PROBLEM REQUIREMENTS>
Nothing but the text of the records belongs in your answer: repeat all of it exactly and leave out the images.

EXERCISE MATERIAL>
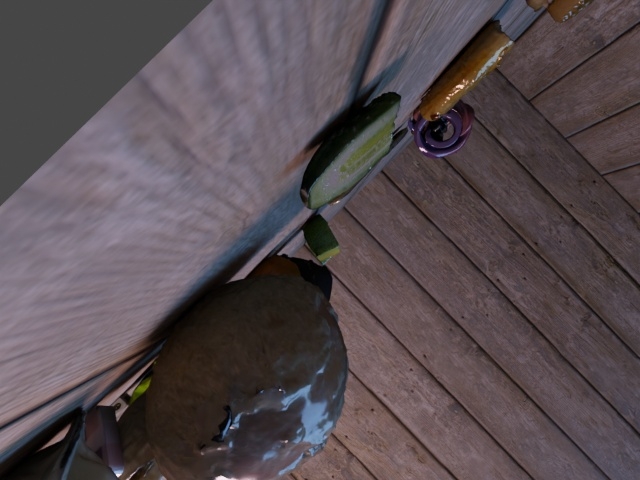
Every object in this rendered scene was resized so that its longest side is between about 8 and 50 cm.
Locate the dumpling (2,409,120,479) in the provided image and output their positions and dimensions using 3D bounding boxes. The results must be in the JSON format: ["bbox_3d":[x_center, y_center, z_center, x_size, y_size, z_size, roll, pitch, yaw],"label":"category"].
[{"bbox_3d":[-0.290,0.283,0.458,0.247,0.142,0.172,-139,-114,-73],"label":"dumpling"}]

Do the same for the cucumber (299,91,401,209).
[{"bbox_3d":[0.018,-0.073,0.346,0.107,0.035,0.067,-43,161,-19],"label":"cucumber"}]

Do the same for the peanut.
[{"bbox_3d":[-0.251,0.280,0.728,0.149,0.149,0.313,-44,-162,29],"label":"peanut"}]

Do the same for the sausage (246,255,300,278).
[{"bbox_3d":[-0.146,0.131,0.947,0.270,0.109,0.109,-44,180,35],"label":"sausage"}]

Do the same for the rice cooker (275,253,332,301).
[{"bbox_3d":[-0.061,0.103,1.041,0.203,0.142,0.118,8,-102,41],"label":"rice cooker"}]

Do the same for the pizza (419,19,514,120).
[{"bbox_3d":[0.239,-0.269,0.678,0.182,0.062,0.161,-47,-176,44],"label":"pizza"}]

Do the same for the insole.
[{"bbox_3d":[0.100,-0.156,0.875,0.248,0.011,0.081,-47,-165,-21],"label":"insole"}]

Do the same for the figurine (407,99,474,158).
[{"bbox_3d":[0.240,-0.248,0.855,0.157,0.126,0.114,-81,165,-48],"label":"figurine"}]

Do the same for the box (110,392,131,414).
[{"bbox_3d":[-0.427,0.353,0.857,0.083,0.024,0.054,-45,-178,-14],"label":"box"}]

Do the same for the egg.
[{"bbox_3d":[-0.095,0.187,0.578,0.310,0.279,0.279,-48,180,-12],"label":"egg"}]

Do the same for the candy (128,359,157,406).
[{"bbox_3d":[-0.353,0.322,0.883,0.246,0.069,0.149,-62,-176,11],"label":"candy"}]

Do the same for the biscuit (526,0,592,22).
[{"bbox_3d":[0.359,-0.373,0.494,0.259,0.079,0.259,-45,179,-1],"label":"biscuit"}]

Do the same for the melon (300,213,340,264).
[{"bbox_3d":[0.000,0.000,1.021,0.064,0.118,0.209,-31,167,-2],"label":"melon"}]

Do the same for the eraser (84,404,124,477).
[{"bbox_3d":[-0.315,0.294,0.597,0.065,0.105,0.026,-46,140,11],"label":"eraser"}]

SOLUTION TO THE EXERCISE>
Every object in this rendered scene was resized so that its longest side is between about 8 and 50 cm.
Locate the dumpling (2,409,120,479) in the provided image and output their positions and dimensions using 3D bounding boxes. The results must be in the JSON format: ["bbox_3d":[x_center, y_center, z_center, x_size, y_size, z_size, roll, pitch, yaw],"label":"category"].
[{"bbox_3d":[-0.290,0.283,0.458,0.247,0.142,0.172,-139,-114,-73],"label":"dumpling"}]

Do the same for the cucumber (299,91,401,209).
[{"bbox_3d":[0.018,-0.073,0.346,0.107,0.035,0.067,-43,161,-19],"label":"cucumber"}]

Do the same for the peanut.
[{"bbox_3d":[-0.251,0.280,0.728,0.149,0.149,0.313,-44,-162,29],"label":"peanut"}]

Do the same for the sausage (246,255,300,278).
[{"bbox_3d":[-0.146,0.131,0.947,0.270,0.109,0.109,-44,180,35],"label":"sausage"}]

Do the same for the rice cooker (275,253,332,301).
[{"bbox_3d":[-0.061,0.103,1.041,0.203,0.142,0.118,8,-102,41],"label":"rice cooker"}]

Do the same for the pizza (419,19,514,120).
[{"bbox_3d":[0.239,-0.269,0.678,0.182,0.062,0.161,-47,-176,44],"label":"pizza"}]

Do the same for the insole.
[{"bbox_3d":[0.100,-0.156,0.875,0.248,0.011,0.081,-47,-165,-21],"label":"insole"}]

Do the same for the figurine (407,99,474,158).
[{"bbox_3d":[0.240,-0.248,0.855,0.157,0.126,0.114,-81,165,-48],"label":"figurine"}]

Do the same for the box (110,392,131,414).
[{"bbox_3d":[-0.427,0.353,0.857,0.083,0.024,0.054,-45,-178,-14],"label":"box"}]

Do the same for the egg.
[{"bbox_3d":[-0.095,0.187,0.578,0.310,0.279,0.279,-48,180,-12],"label":"egg"}]

Do the same for the candy (128,359,157,406).
[{"bbox_3d":[-0.353,0.322,0.883,0.246,0.069,0.149,-62,-176,11],"label":"candy"}]

Do the same for the biscuit (526,0,592,22).
[{"bbox_3d":[0.359,-0.373,0.494,0.259,0.079,0.259,-45,179,-1],"label":"biscuit"}]

Do the same for the melon (300,213,340,264).
[{"bbox_3d":[0.000,0.000,1.021,0.064,0.118,0.209,-31,167,-2],"label":"melon"}]

Do the same for the eraser (84,404,124,477).
[{"bbox_3d":[-0.315,0.294,0.597,0.065,0.105,0.026,-46,140,11],"label":"eraser"}]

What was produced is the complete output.